Hi, I think the way Rust handles integral values is well designed, but I have some problems with usize types, caused by them being variable size on different systems. The problem is that code written to work on 64 bit system may raise overflows on a 32 system if the programmer isn't extra careful in using usize values. I'd like a way to face this problem in a more principled/automatic way. Below I explain the problem in more details and I propose one possible solution. My solution could be bad. Perhaps you can suggest better solutions.
In my code I put a const_assert because it assumes size_of<usize>::() >= 4. (I know usize could be 2 bytes only, but most times I am not going to target that). I write the code on a 64 bit system. The code contains probably 10_000 or more operations among two usize arguments, like multiplications. I try to keep values inside such 64 bit usizes below 32 bit, but sometimes by mistake I may end up having numbers larger than that in my usize values. The program works (because those numbers are less than 64 bits) but they are bugs (and cause overflow panics) if I compile the code on a 32 bit in debug mode. I'd like to have a way to spot such mistakes on a 64 bit system, so my code is portable to 32 bit systems too. A solution is to use u32 and cast only at the last moment to usize, but this introduces a ton of casts in my code that I want to avoid (even if I use safe casts with a macro). In some cases I do this, because this is the right solution, but in several other cases I'd like to avoid all those casts.
One solution could be to add standard features like:
Using the first one the compiler keeps using usize values as large as before (this means on my system usize keeps being 8 bytes) but that first feature adds in debug builds overflow tests that disallow values past 32::MAX inside usize values (even when usize is 8 or more bytes long). This way if there's a mistake in my code, and a 64 bit usize variable gets a 33 bit value, it panics at run-time and I can fix the bug. What do you think about my solution? (Perhaps the only/best solution is just to compile to a 32 bit target in debug mode, and fix the overflow bugs).
If your code works under miri, you can run any supported target on any supported host via miri. That will serve to find any tested overflow bugs.
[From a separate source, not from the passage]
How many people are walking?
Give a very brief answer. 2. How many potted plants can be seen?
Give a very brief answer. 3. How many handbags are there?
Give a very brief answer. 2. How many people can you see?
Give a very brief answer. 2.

Just adding a bunch of checks for sticking a too-large value in usize, however, is intractable, because the other point of usize is to be able to hold a pointer value. While those "don't have a numerical value", they still can (and likely do) use sizes beyond u32 on a 64 bit platform in just normal operation.
If you want your code to work on a 32-bit target, that seems like your best option. If you're running on an x86-64 system, you should be able to run code for the corresponding 32-bit target to test.
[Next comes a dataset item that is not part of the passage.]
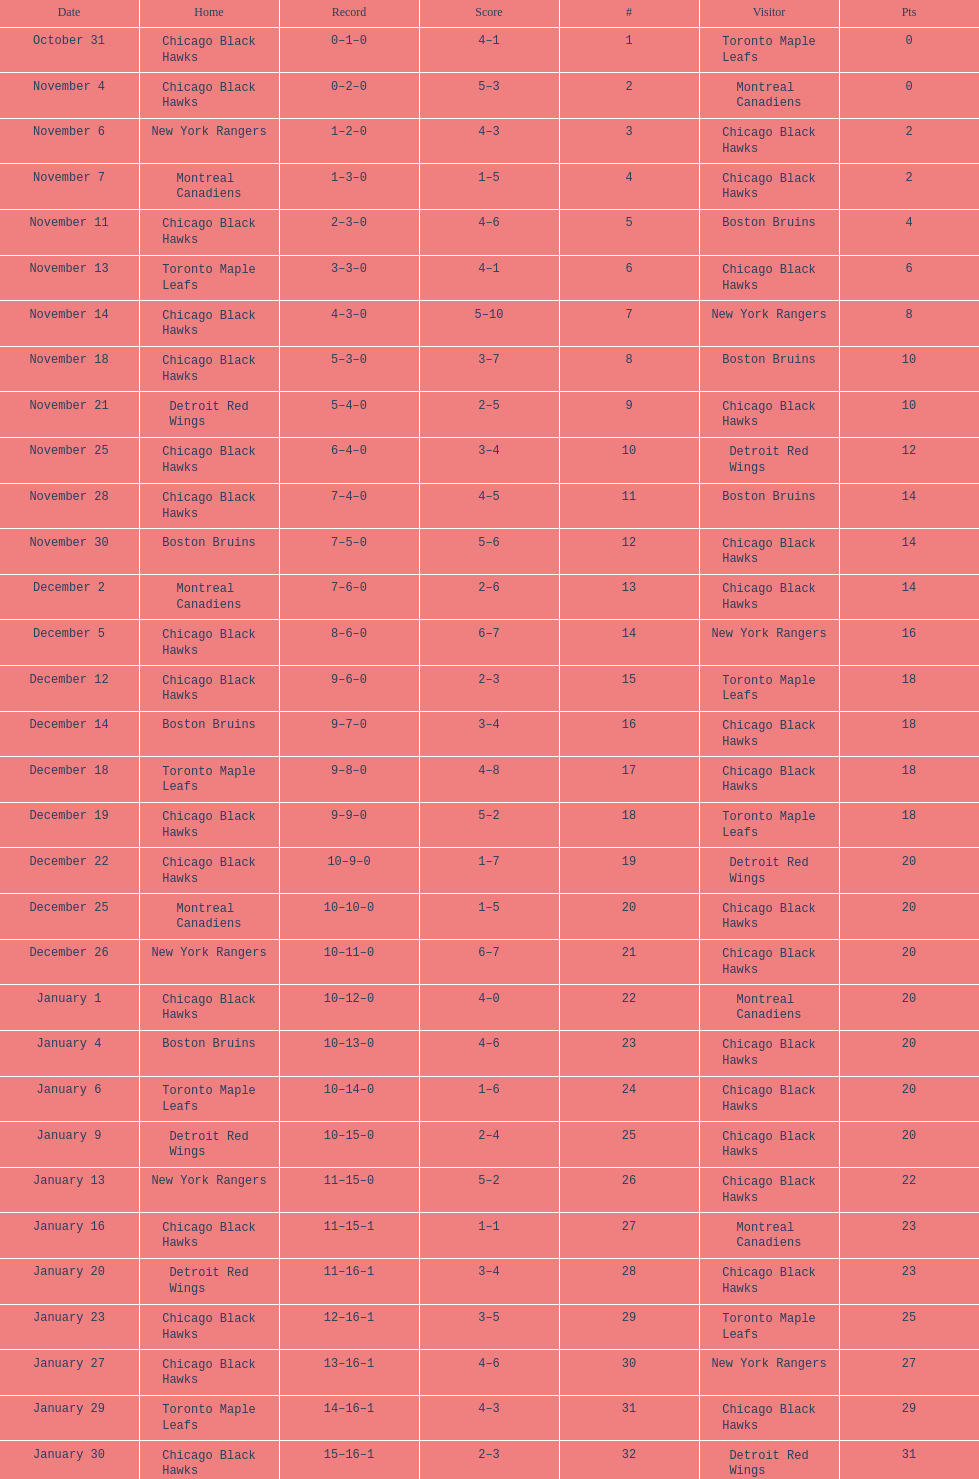What was the total amount of points scored on november 4th? 8.

If you are developing on x86_64-unknown-linux-gnu you should have no problem testing also with the i686-unknown-linux-gnu target. You can even get fuzzing to work to some degree. It should be simple two-step process:
rustup target add i686-unknown-linux-gnu
cargo test --target i686-unknown-linux-gnu
// If you are using `cargo fuzz`, just run without address sanitizer
cargo fuzz run --target i686-unknown-linux-gnu your_fuzz_target -s none
I personnally prefer what C++ does: there are types that are exactly x bits (for binary compatibility), at least x bits (whatever is fastest), and the smalest valid size to store x bits (in case that you want a 16 bit number on a 64 bits architecture that support only numbers of 8, 32 and 64 bits). I'm really surprised that in rust, u8 is exactly 8 bits, and not whatever is fastest. I'm even more surprised that the 3 version can't be expressed (at least I didn't saw it).
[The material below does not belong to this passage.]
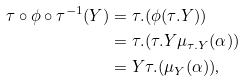Convert formula to latex. <formula><loc_0><loc_0><loc_500><loc_500>\tau \circ \phi \circ \tau ^ { - 1 } ( Y ) & = \tau . ( \phi ( \tau . Y ) ) \\ & = \tau . ( \tau . Y \mu _ { \tau . Y } ( \alpha ) ) \\ & = Y \tau . ( \mu _ { Y } ( \alpha ) ) \text {,}</formula>

When optimizing for single variable targets, which don't have to fit compactly into struct and enum and union structures, the compiler backend (LLVM) will chose the storage size that maximizes performance. But do remember that in Rust u8 has potential overflow semantics, so that in debug mode 0xff + 1 will panic for a u8 target but become simply 0x0100 for a u16 or larger target.
C++ gets away with a larger target only by ignoring potential overflow.